Network activity¶
The previous notebook provided us with an anatomical reconstruction of the barrel cortex, defining locations of presynaptic cells, and post-synaptic targets onto our cell. Given this anatomical data, we can now activate the synapses according to experimental data.
To do this, we need the following information
A parameter file specifying characteristics of the synaspses by celltype
A parameterfile specifying the ongoing activity by celltype
Parameterfiles specifying evoked response by stimulus, celltype and cell location
[17]:
from pathlib import Path
tutorial_output_dir = f"{Path.home()}/isf_tutorial_output" # <-- Change this to your desired output directory
[19]:
import Interface as I
%matplotlib inline
db = I.DataBase(tutorial_output_dir)['network_modeling']
con_file = db['anatomical_constraints'].get_file('.con')
con_file_path = db['anatomical_constraints'].join(con_file)
syn_file = db['anatomical_constraints'].get_file('.syn')
syn_file_path = db['anatomical_constraints'].join(syn_file)
Characterizing ongoing activity¶
[20]:
from getting_started import getting_started_dir
ongoing_template_param_name = I.os.path.join(
getting_started_dir,
'example_data',
'functional_constraints',
'ongoing_activity',
'ongoing_activity_celltype_template_exc_conductances_fitted.param')
In this parameter file, the following keys are defined
[21]:
ongoing_template_param = I.scp.build_parameters(ongoing_template_param_name)
ongoing_template_param.keys()
[21]:
dict_keys(['info', 'network', 'NMODL_mechanisms'])
The most relevant information is specified in the network key:
[22]:
ongoing_template_param.network.keys()
[22]:
dict_keys(['L2', 'L34', 'L4py', 'L4sp', 'L4ss', 'L5st', 'L5tt', 'L6cc', 'L6ccinv', 'L6ct', 'VPM', 'L1', 'L23Trans', 'L45Peak', 'L45Sym', 'L56Trans', 'SymLocal1', 'SymLocal2', 'SymLocal3', 'SymLocal4', 'SymLocal5', 'SymLocal6'])
Here, parameters are defined for each presynaptic celltype.
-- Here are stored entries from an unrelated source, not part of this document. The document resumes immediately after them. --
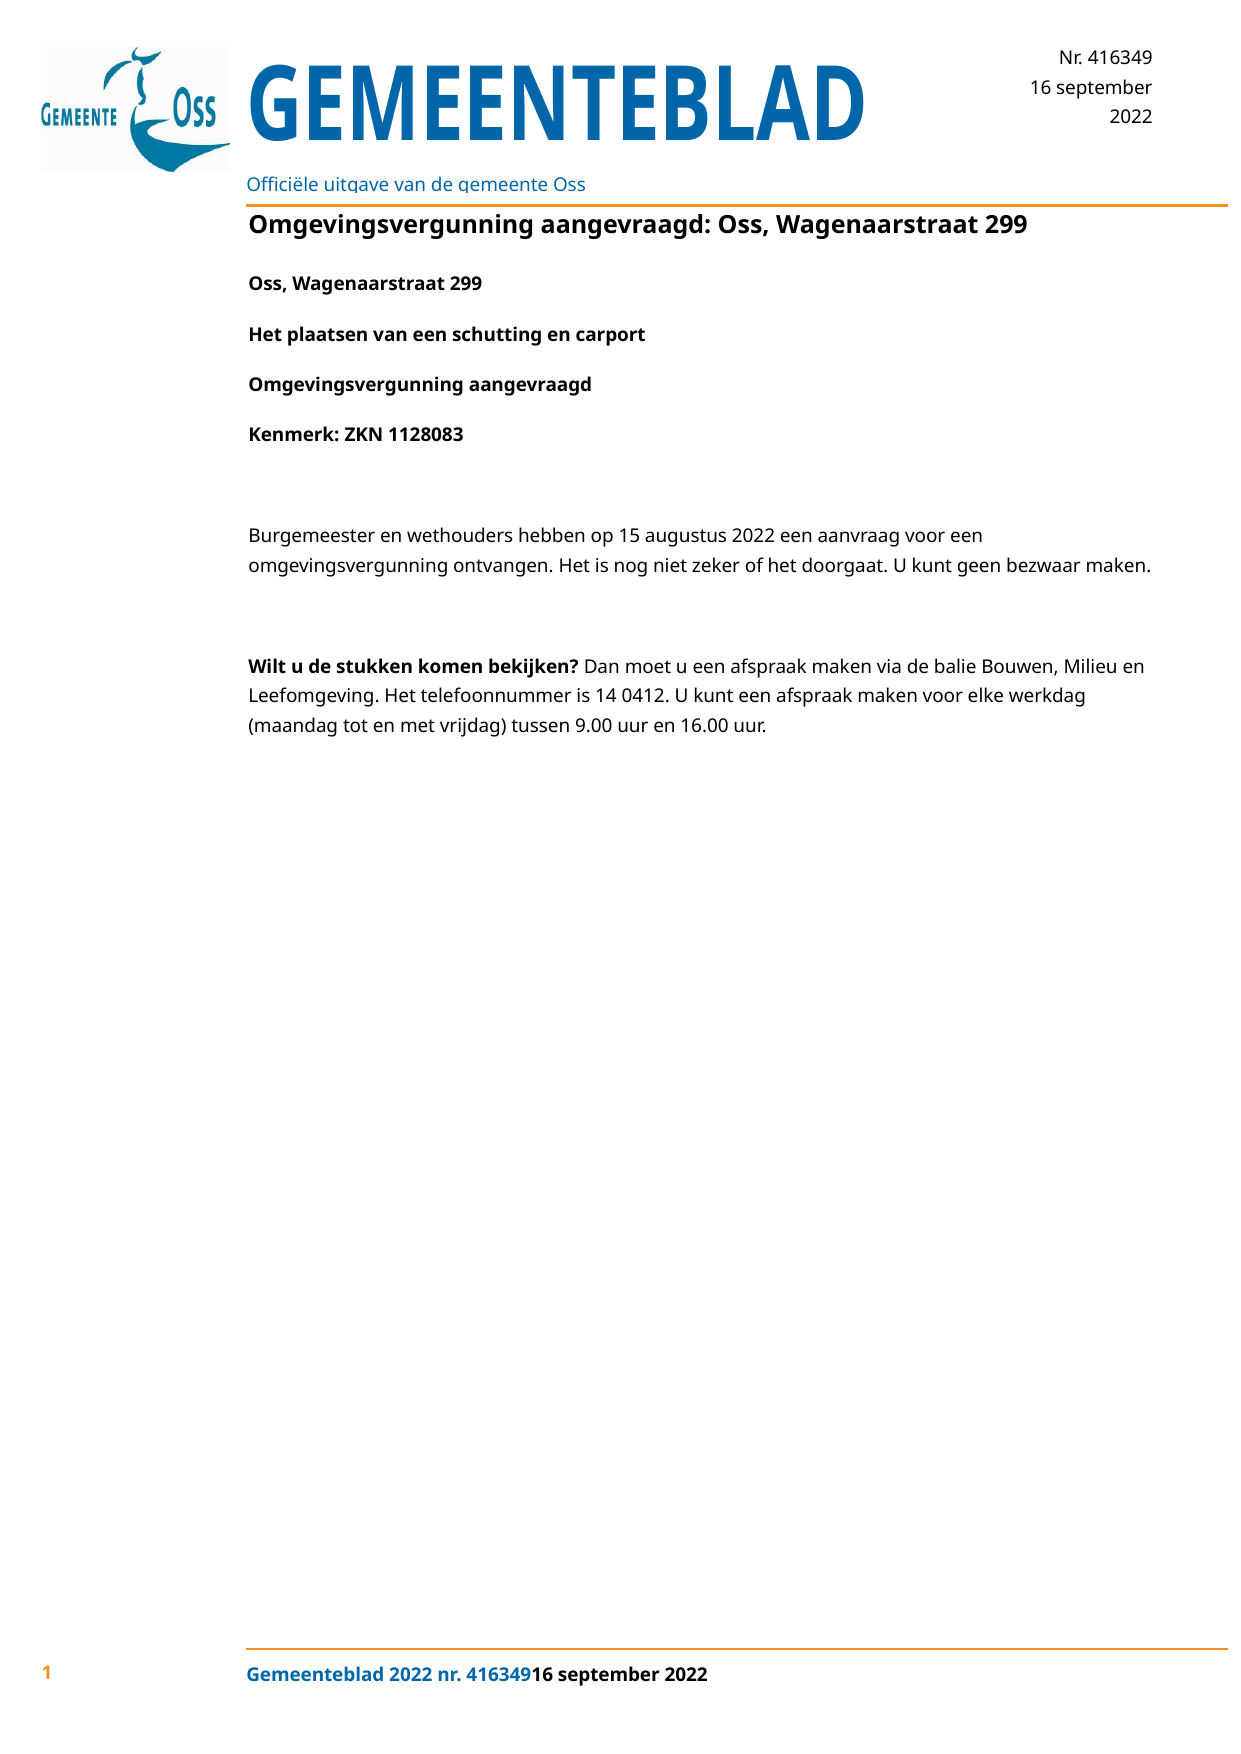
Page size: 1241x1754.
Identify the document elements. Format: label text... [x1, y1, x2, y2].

text Burgemeester en wethouders hebben op 15 augustus 2022 een aanvraag voor een omgevingsvergunning ontvangen. Het is nog niet zeker of het doorgaat. U kunt geen bezwaar maken. [248, 522, 1152, 578]
text Kenmerk: ZKN 1128083 [248, 422, 1152, 447]
text Omgevingsvergunning aangevraagd: Oss, Wagenaarstraat 299 [248, 207, 1152, 241]
text Het plaatsen van een schutting en carport [248, 321, 1152, 346]
text Wilt u de stukken komen bekijken? Dan moet u een afspraak maken via de balie Bouwen, Milieu en Leefomgeving. Het telefoonnummer is 14 0412. U kunt een afspraak maken voor elke werkdag (maandag tot en met vrijdag) tussen 9.00 uur en 16.00 uur. [248, 653, 1152, 738]
picture [41, 47, 231, 172]
text Omgevingsvergunning aangevraagd [248, 371, 1152, 397]
text Oss, Wagenaarstraat 299 [248, 270, 1152, 296]
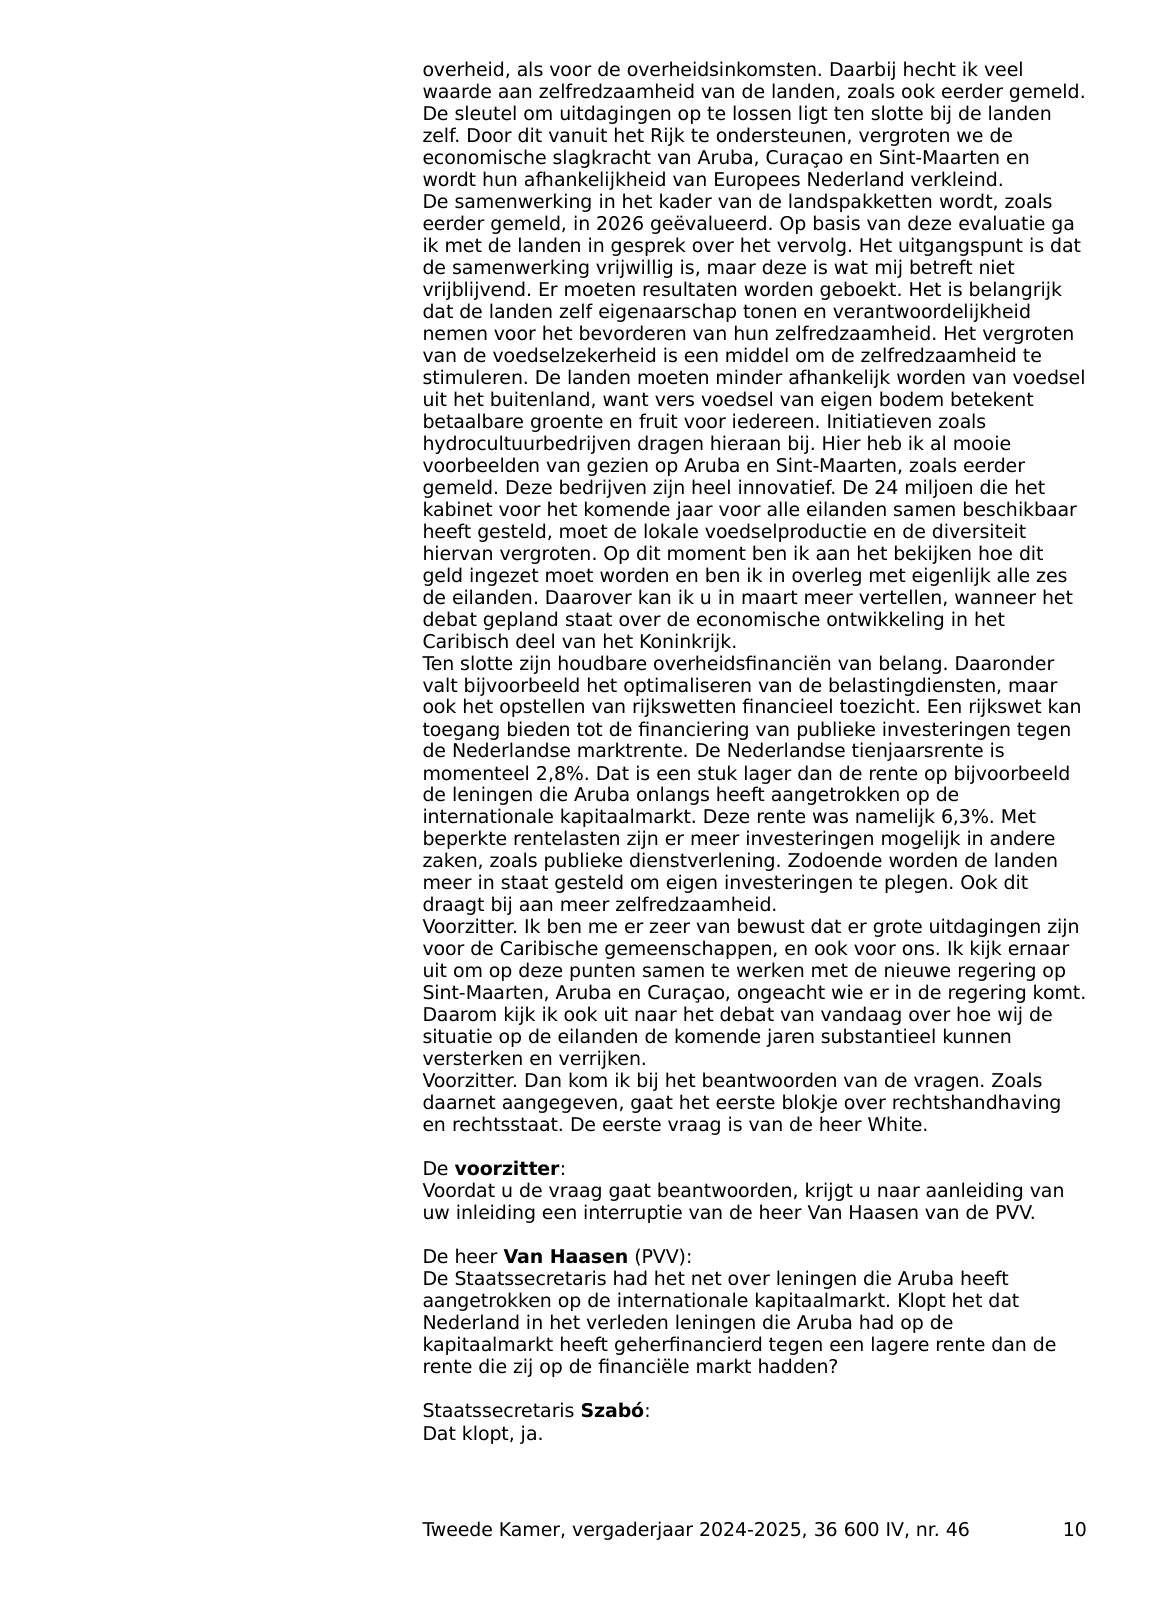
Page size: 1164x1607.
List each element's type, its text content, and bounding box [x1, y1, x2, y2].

Let’s inspect the L5tt parameters for example:
[23]:
ongoing_template_param.network.L5tt
[23]:
NTParameterSet({'celltype': 'spiketrain', 'interval': 283.3, 'synapses': NTParameterSet({'receptors': NTParameterSet({'glutamate_syn': NTParameterSet({'threshold': 0.0, 'delay': 0.0, 'parameter': NTParameterSet({'tau1': 26.0, 'tau2': 2.0, 'tau3': 2.0, 'tau4': 0.1, 'decayampa': 1.0, 'decaynmda': 1.0, 'facilampa': 0.0, 'facilnmda': 0.0}), 'weight': [1.59, 1.59]})}), 'releaseProb': 0.6})})
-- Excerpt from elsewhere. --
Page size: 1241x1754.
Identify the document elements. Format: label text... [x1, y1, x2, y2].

interval: mean ongoing interspike intervalreleaseProb: chance that synapse gets activated if presynaptic cell gets activatedsynapses.receptors.glutamate_syn.parameter:parameters for the NEURON mechanism defined in mechanisms.channels
tau1: NMDA decay timetau2: NMDA rise timetau3: AMPA decay timetau4: AMPA rise time
synapses.receptors.weightmaximum conductance of the synapse for AMPA and NMDA, respectively
Characterizing evoked activity¶
Evoked activity captures the network activity during a specific in vivo condition. The experimental condition we will consider here is a passive whisker touch of the rat. We have files capturing the activity of all celltypes in all locations across the rat barrel cortex. Let’s see what their activity was when we touched the whisker in arc C, row 2.
[24]:
evokedPrefix = I.os.path.join(getting_started_dir, 'example_data/functional_constraints/evoked_activity/')
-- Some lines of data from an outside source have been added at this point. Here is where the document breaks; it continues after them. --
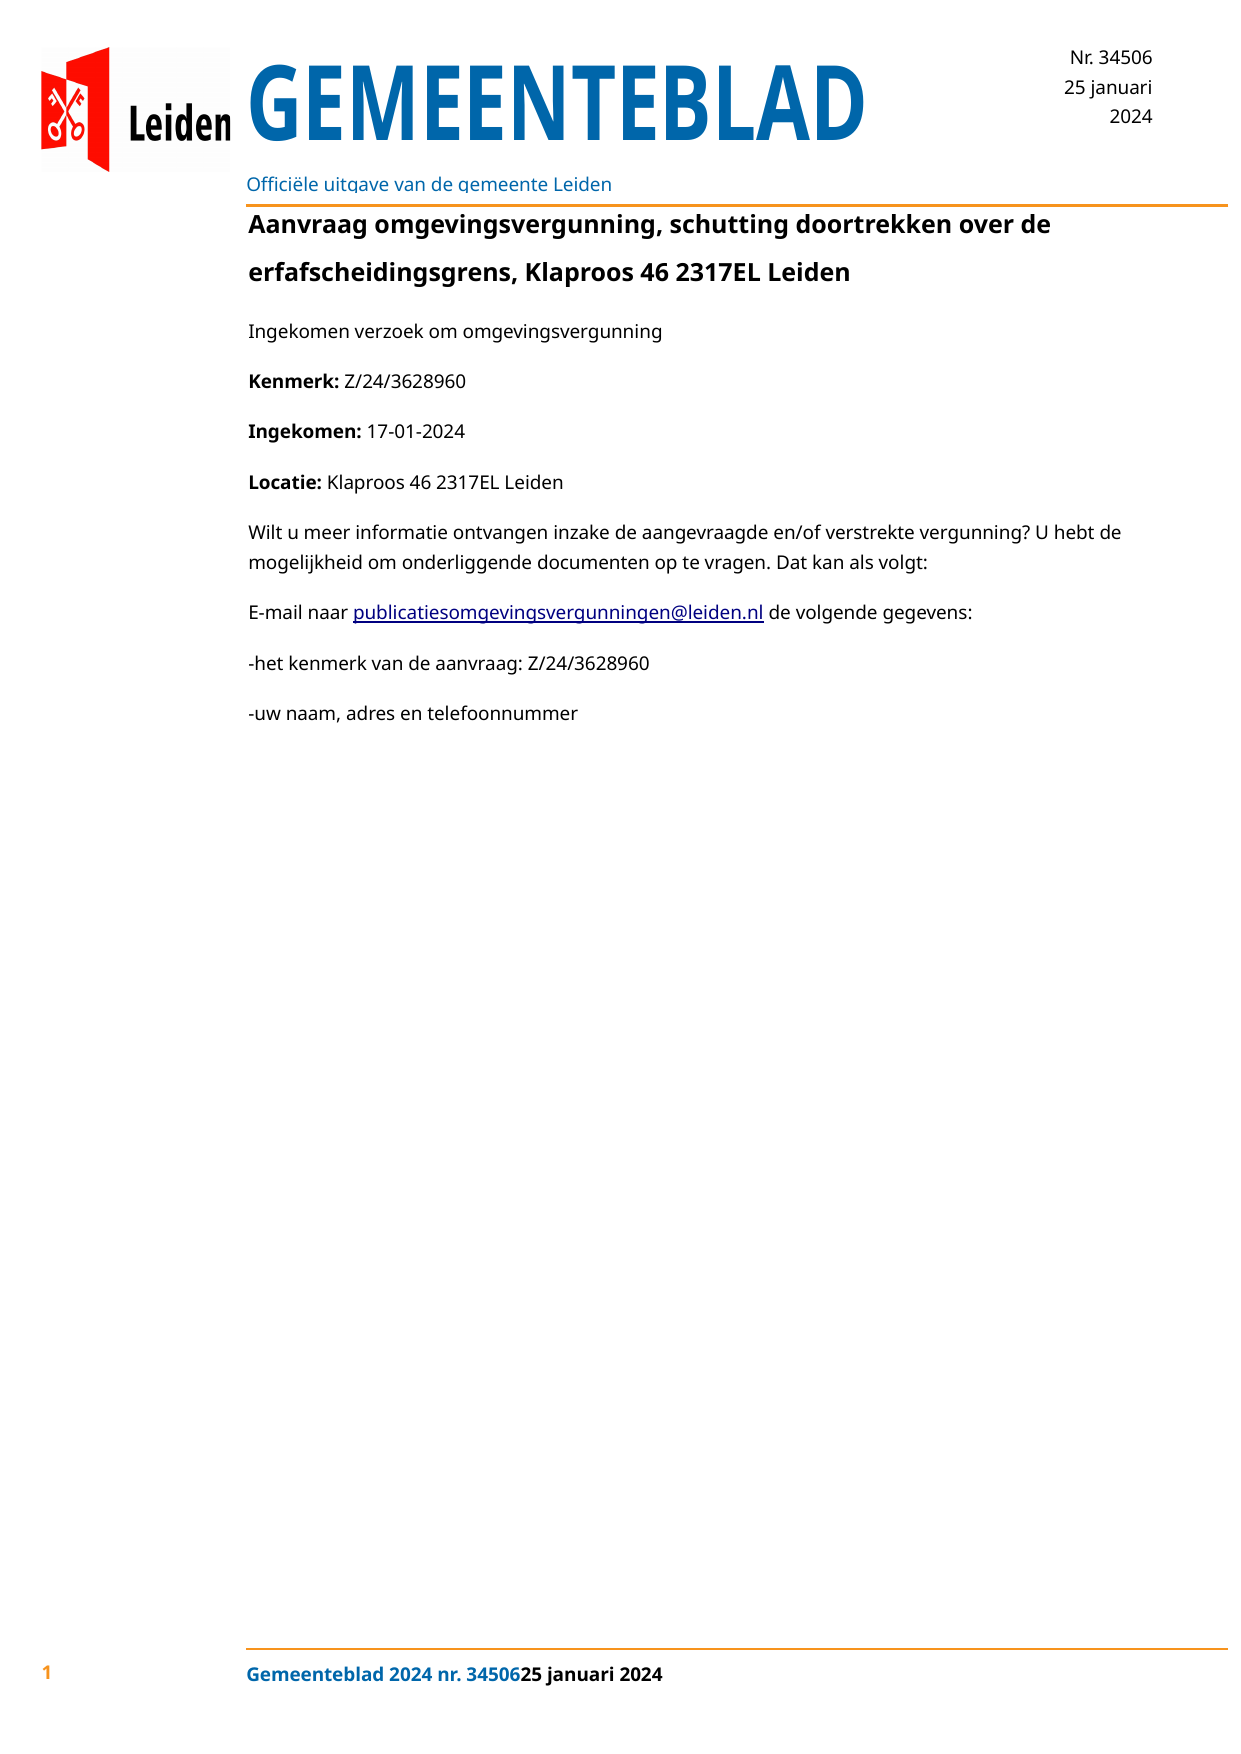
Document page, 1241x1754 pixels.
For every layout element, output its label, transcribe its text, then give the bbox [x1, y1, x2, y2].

text -uw naam, adres en telefoonnummer [248, 700, 1152, 726]
text -het kenmerk van de aanvraag: Z/24/3628960 [248, 650, 1152, 676]
picture [41, 47, 231, 172]
text E-mail naar publicatiesomgevingsvergunningen@leiden.nl de volgende gegevens: [248, 599, 1152, 625]
text Ingekomen verzoek om omgevingsvergunning [248, 318, 1152, 344]
text Kenmerk: Z/24/3628960 [248, 368, 1152, 394]
text Aanvraag omgevingsvergunning, schutting doortrekken over de erfafscheidingsgrens, Klaproos 46 2317EL Leiden [248, 207, 1152, 288]
text Wilt u meer informatie ontvangen inzake de aangevraagde en/of verstrekte vergunning? U hebt de mogelijkheid om onderliggende documenten op te vragen. Dat kan als volgt: [248, 519, 1152, 575]
text Locatie: Klaproos 46 2317EL Leiden [248, 469, 1152, 495]
text Ingekomen: 17-01-2024 [248, 419, 1152, 444]

excitatory_PSTHs = [fname for fname in I.os.listdir(evokedPrefix) if fname.endswith('PSTH_UpState.param')]
inhibitory_PSTHs = [fname for fname in I.os.listdir(evokedPrefix) if fname.endswith('active_timing_normalized_PW_1.0_SuW_0.5.param')]
Let’s have a look at a specific parameterfile:
[25]:
excitatory_PSTHs
[25]:
['L4ss_3x3_PSTH_UpState.param',
'L4sp_3x3_PSTH_UpState.param',
'L4py_3x3_PSTH_UpState.param',
'L5st_3x3_PSTH_UpState.param',
'L6ct_3x3_PSTH_UpState.param',
'L6cc_3x3_PSTH_UpState.param',
'L6ccinv_3x3_PSTH_UpState.param',
'L2_3x3_PSTH_UpState.param',
'L34_3x3_PSTH_UpState.param',
'L5tt_3x3_PSTH_UpState.param']
These files simply define post-stimulus time histograms (PSTH) for varying cell types, relative to a stimulus onset. For more information on the file format of this activity data, you can visit the documentation page on activity data.
[26]:
example_PSTH_L6cc = I.scp.build_parameters(I.os.path.join(evokedPrefix, 'L6cc_3x3_PSTH_UpState.param'))
example_PSTH_L6cc.keys()
[26]:
dict_keys(['L6cc_B1', 'L6cc_B2', 'L6cc_B3', 'L6cc_C1', 'L6cc_C2', 'L6cc_C3', 'L6cc_D1', 'L6cc_D2', 'L6cc_D3'])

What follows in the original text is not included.